Im Dienste Madrids

Aus der Geschichte nichts gelernt: Die Generalstaatsanwaltschaft Schleswig-Holstein hat am Dienstag beantragt, den seit dem 25. März in Neumünster inhaftierten früheren katalanischen Ministerpräsidenten Carles Puigdemont auf der Grundlage des von den spanischen Behörden ausgestellten Haftbefehls in Auslieferungshaft zu nehmen.

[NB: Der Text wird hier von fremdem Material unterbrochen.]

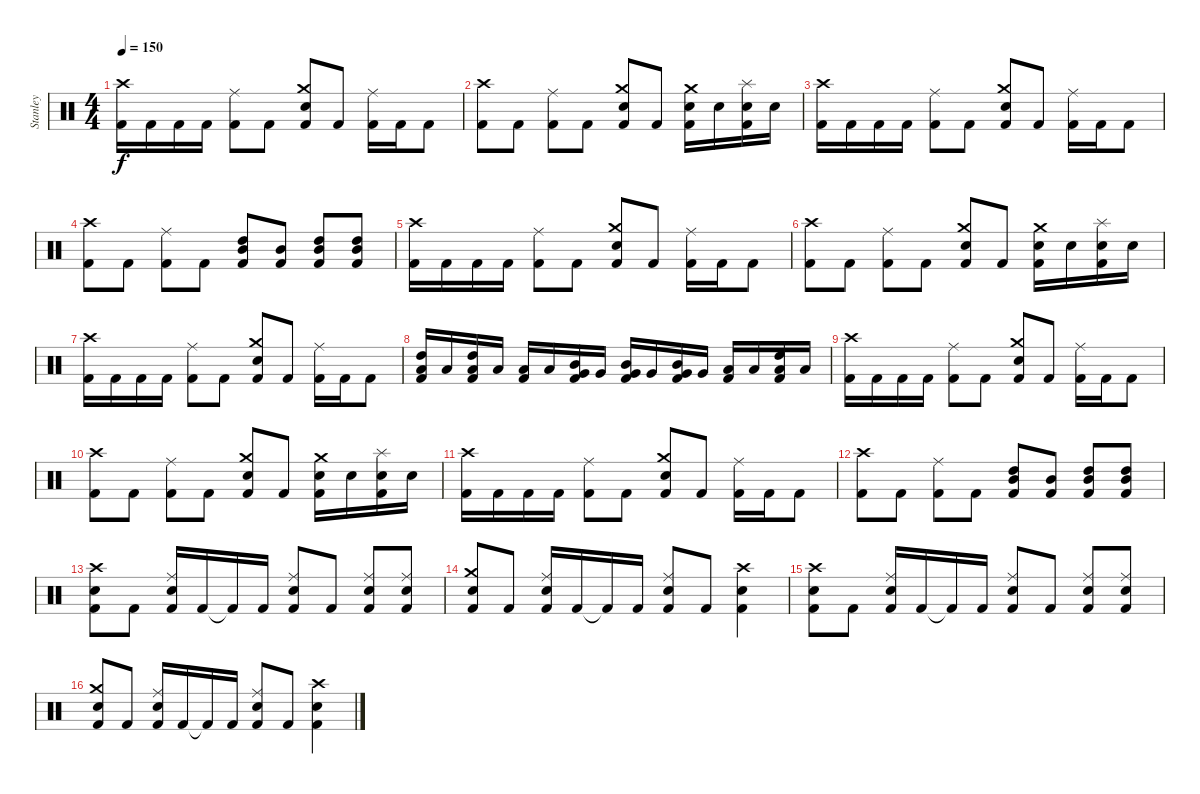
\track ("Stanley" "Stanley") {instrument percussion}
\staff {score}
\articulation defaults
\ts (4 4)
\tempo 150
\clef neutral
\ks c
("Crash high (hit)" "Kick (hit) 2").16{dy f} "Kick (hit) 2".16 "Kick (hit) 2".16 "Kick (hit) 2".16 ("Ride (middle)" "Kick (hit) 2").8 "Kick (hit) 2".8 ("Crash medium (hit)" "Electric Snare (hit)" "Kick (hit) 2").8 "Kick (hit) 2".8 ("Ride (middle)" "Kick (hit) 2").16 "Kick (hit) 2".16 "Kick (hit) 2".8 |
("Crash high (hit)" "Kick (hit) 2").8 "Kick (hit) 2".8 ("Ride (middle)" "Kick (hit) 2").8 "Kick (hit) 2".8 ("Crash medium (hit)" "Electric Snare (hit)" "Kick (hit) 2").8 "Kick (hit) 2".8 ("Crash medium (hit)" "Electric Snare (hit)" "Kick (hit) 2").16 "Electric Snare (hit)".16 ("Splash (hit)" "Electric Snare (hit)" "Kick (hit) 2").16 "Electric Snare (hit)".16 |
("Crash high (hit)" "Kick (hit) 2").16 "Kick (hit) 2".16 "Kick (hit) 2".16 "Kick (hit) 2".16 ("Ride (middle)" "Kick (hit) 2").8 "Kick (hit) 2".8 ("Crash medium (hit)" "Electric Snare (hit)" "Kick (hit) 2").8 "Kick (hit) 2".8 ("Ride (middle)" "Kick (hit) 2").16 "Kick (hit) 2".16 "Kick (hit) 2".8 |
("Crash high (hit)" "Kick (hit) 2").8 "Kick (hit) 2".8 ("Ride (middle)" "Kick (hit) 2").8 "Kick (hit) 2".8 ("Mid Tom (hit)" "High Tom (hit)" "Kick (hit) 2").8 ("Mid Tom (hit)" "Kick (hit) 2").8 ("Mid Tom (hit)" "High Tom (hit)" "Kick (hit) 2").8 ("Mid Tom (hit)" "High Tom (hit)" "Kick (hit) 2").8 |
("Crash high (hit)" "Kick (hit) 2").16 "Kick (hit) 2".16 "Kick (hit) 2".16 "Kick (hit) 2".16 ("Ride (middle)" "Kick (hit) 2").8 "Kick (hit) 2".8 ("Crash medium (hit)" "Electric Snare (hit)" "Kick (hit) 2").8 "Kick (hit) 2".8 ("Ride (middle)" "Kick (hit) 2").16 "Kick (hit) 2".16 "Kick (hit) 2".8 |
("Crash high (hit)" "Kick (hit) 2").8 "Kick (hit) 2".8 ("Ride (middle)" "Kick (hit) 2").8 "Kick (hit) 2".8 ("Crash medium (hit)" "Electric Snare (hit)" "Kick (hit) 2").8 "Kick (hit) 2".8 ("Crash medium (hit)" "Electric Snare (hit)" "Kick (hit) 2").16 "Electric Snare (hit)".16 ("Splash (hit)" "Electric Snare (hit)" "Kick (hit) 2").16 "Electric Snare (hit)".16 |
("Crash high (hit)" "Kick (hit) 2").16 "Kick (hit) 2".16 "Kick (hit) 2".16 "Kick (hit) 2".16 ("Ride (middle)" "Kick (hit) 2").8 "Kick (hit) 2".8 ("Crash medium (hit)" "Electric Snare (hit)" "Kick (hit) 2").8 "Kick (hit) 2".8 ("Ride (middle)" "Kick (hit) 2").16 "Kick (hit) 2".16 "Kick (hit) 2".8 |
("High Tom (hit)" "Low Tom (hit)" "Kick (hit) 2").16 "Low Tom (hit)".16 ("High Tom (hit)" "Low Tom (hit)" "Kick (hit) 2").16 "Low Tom (hit)".16 ("Low Tom (hit)" "Kick (hit) 2").16 "Low Tom (hit)".16 ("Mid Tom (hit)" "Very Low Tom (hit)" "Kick (hit) 2").16 "Very Low Tom (hit)".16 ("Mid Tom (hit)" "Very Low Tom (hit)" "Kick (hit) 2").16 "Very Low Tom (hit)".16 ("Mid Tom (hit)" "Very Low Tom (hit)" "Kick (hit) 2").16 "Very Low Tom (hit)".16 ("Low Floor Tom (hit)" "Kick (hit) 2").16 "Low Floor Tom (hit)".16 ("High Tom (hit)" "Low Floor Tom (hit)" "Kick (hit) 2").16 "Low Floor Tom (hit)".16 |
("Crash high (hit)" "Kick (hit) 2").16 "Kick (hit) 2".16 "Kick (hit) 2".16 "Kick (hit) 2".16 ("Ride (middle)" "Kick (hit) 2").8 "Kick (hit) 2".8 ("Crash medium (hit)" "Electric Snare (hit)" "Kick (hit) 2").8 "Kick (hit) 2".8 ("Ride (middle)" "Kick (hit) 2").16 "Kick (hit) 2".16 "Kick (hit) 2".8 |
("Crash high (hit)" "Kick (hit) 2").8 "Kick (hit) 2".8 ("Ride (middle)" "Kick (hit) 2").8 "Kick (hit) 2".8 ("Crash medium (hit)" "Electric Snare (hit)" "Kick (hit) 2").8 "Kick (hit) 2".8 ("Crash medium (hit)" "Electric Snare (hit)" "Kick (hit) 2").16 "Electric Snare (hit)".16 ("Splash (hit)" "Electric Snare (hit)" "Kick (hit) 2").16 "Electric Snare (hit)".16 |
("Crash high (hit)" "Kick (hit) 2").16 "Kick (hit) 2".16 "Kick (hit) 2".16 "Kick (hit) 2".16 ("Ride (middle)" "Kick (hit) 2").8 "Kick (hit) 2".8 ("Crash medium (hit)" "Electric Snare (hit)" "Kick (hit) 2").8 "Kick (hit) 2".8 ("Ride (middle)" "Kick (hit) 2").16 "Kick (hit) 2".16 "Kick (hit) 2".8 |
("Crash high (hit)" "Kick (hit) 2").8 "Kick (hit) 2".8 ("Ride (middle)" "Kick (hit) 2").8 "Kick (hit) 2".8 ("Mid Tom (hit)" "High Tom (hit)" "Kick (hit) 2").8 ("Mid Tom (hit)" "Kick (hit) 2").8 ("Mid Tom (hit)" "High Tom (hit)" "Kick (hit) 2").8 ("Mid Tom (hit)" "High Tom (hit)" "Kick (hit) 2").8 |
("Crash high (hit)" "Electric Snare (hit)" "Kick (hit) 2").8 "Kick (hit) 2".8 ("Ride (middle)" "Electric Snare (hit)" "Kick (hit) 2").16 "Kick (hit) 2".16 "Kick (hit) 2"{t}.16 "Kick (hit) 2".16 ("Ride (middle)" "Electric Snare (hit)" "Kick (hit) 2").8 "Kick (hit) 2".8 ("Ride (middle)" "Electric Snare (hit)" "Kick (hit) 2").8 ("Ride (middle)" "Electric Snare (hit)" "Kick (hit) 2").8 |
("Crash medium (hit)" "Electric Snare (hit)" "Kick (hit) 2").8 "Kick (hit) 2".8 ("Ride (middle)" "Electric Snare (hit)" "Kick (hit) 2").16 "Kick (hit) 2".16 "Kick (hit) 2"{t}.16 "Kick (hit) 2".16 ("Ride (middle)" "Electric Snare (hit)" "Kick (hit) 2").8 "Kick (hit) 2".8 ("Crash high (hit)" "Electric Snare (hit)" "Kick (hit) 2").4 |
("Crash high (hit)" "Electric Snare (hit)" "Kick (hit) 2").8 "Kick (hit) 2".8 ("Ride (middle)" "Electric Snare (hit)" "Kick (hit) 2").16 "Kick (hit) 2".16 "Kick (hit) 2"{t}.16 "Kick (hit) 2".16 ("Ride (middle)" "Electric Snare (hit)" "Kick (hit) 2").8 "Kick (hit) 2".8 ("Ride (middle)" "Electric Snare (hit)" "Kick (hit) 2").8 ("Ride (middle)" "Electric Snare (hit)" "Kick (hit) 2").8 |
("Crash medium (hit)" "Electric Snare (hit)" "Kick (hit) 2").8 "Kick (hit) 2".8 ("Ride (middle)" "Electric Snare (hit)" "Kick (hit) 2").16 "Kick (hit) 2".16 "Kick (hit) 2"{t}.16 "Kick (hit) 2".16 ("Ride (middle)" "Electric Snare (hit)" "Kick (hit) 2").8 "Kick (hit) 2".8 ("Crash high (hit)" "Electric Snare (hit)" "Kick (hit) 2").4

»Mit seinem Antrag hält der Generalstaatsanwalt nicht die nötige Distanz zu den Fußstapfen der furchtbaren deutschen Justiz«, kritisierte dies der Linkspartei-Abgeordnete Diether Dehm. Er sieht Parallelen zum Fall des katalanischen Ministerpräsidenten Lluís Companys, der 1934 die Katalanische Republik proklamiert hatte. 1940 wurde der Republikaner von der deutschen Gestapo gefangengenommen und an die spanischen Faschisten überstellt, die ihn nach einem Schnellprozess ermordeten. Für manche spanische Politiker ist das bis heute kein Verbrechen: Am 9. Oktober drohte der stellvertretende Kommunikationschef der Regierungspartei PP, Pablo Casado, mit Blick auf eine mögliche Proklamation der Unabhängigkeit durch Puigdemont: »Wir hoffen, dass niemand irgendwas erklärt, damit er nicht so endet wie derjenige, der sie vor 83 Jahren verkündete.« Auch vor diesem Hintergrund forderte die Linkspartei-Abgeordnete Zaklin Nastic am Osterwochenende nach einem Besuch bei Puigdemont die Bundesregierung auf, »sich nicht einseitig an die Seite des autokratischen Rajoy-Regimes« zu stellen. Berlin duckt sich jedoch weg und verweist auf den »spanischen Rechtsstaat« und die deutsche Justiz.

Schleswig-Holsteins Anklagebehörde macht sich derweil die Anklage der spanischen Justiz zu eigen, die Puigdemont wegen »Rebellion« verurteilen will. Der katalanische Regierungschef habe sich der »Durchführung eines verfassungswidrigen Referendums trotz zu erwartender gewaltsamer Ausschreitungen« schuldig gemacht, zitieren die deutschen Juristen in einer Pressemitteilung vom Dienstag die spanischen Vorwürfe. Das entspreche dem deutschen»Hochverrat«.

Was die norddeutschen Juristen ignorieren: Das katalanische Parlament hatte am 6. September 2017 ein Gesetz über die Durchführung des Referendums zur Selbstbestimmung am 1. Oktober verabschiedet. Die Regionalregierung setzte dieses um – und die »zu erwartenden gewaltsamen Ausschreitungen« gab es am Tag der Abstimmung ausschließlich von seiten der Guardia Civil und der spanischen Nationalpolizei, die mit Schlagstöcken, Tränengas und in Katalonien verbotenen Gummigeschossen gegen Wählerinnen und Wähler vorgingen. Rund 1.000 Menschen wurden verletzt. Trotzdem beteiligten sich mehr als 40 Prozent der Wahlberechtigten an der Abstimmung. 90 Prozent davon votierten für die Gründung einer unabhängigen Republik.

Die Entscheidung über weitere Inhaftierung und Auslieferung Puigdemonts liegt nun beim Schleswig-Holsteinischen Oberlandesgericht (OLG), das wohl in den kommenden Tagen darüber befinden wird. »Anträge auf Zurückweisung« des Antrags der Staatsanwaltschaft hätten die Strafverteidiger bereits gestellt, teilte Puigdemonts Rechtsanwalt Till Dunckel am Dienstag in Hamburg mit. Man vertraue »auf eine unabhängige und sachgerechte Prüfung« durch das OLG. Damit wollen sich Unterstützer Puigdemonts nicht begnügen. Für den kommenden Sonnabend rufen katalanische und Antifagruppen zu einer Demonstration in Neumünster auf. Treffpunkt ist um 13.30 Uhr am Bahnhofsvorplatz.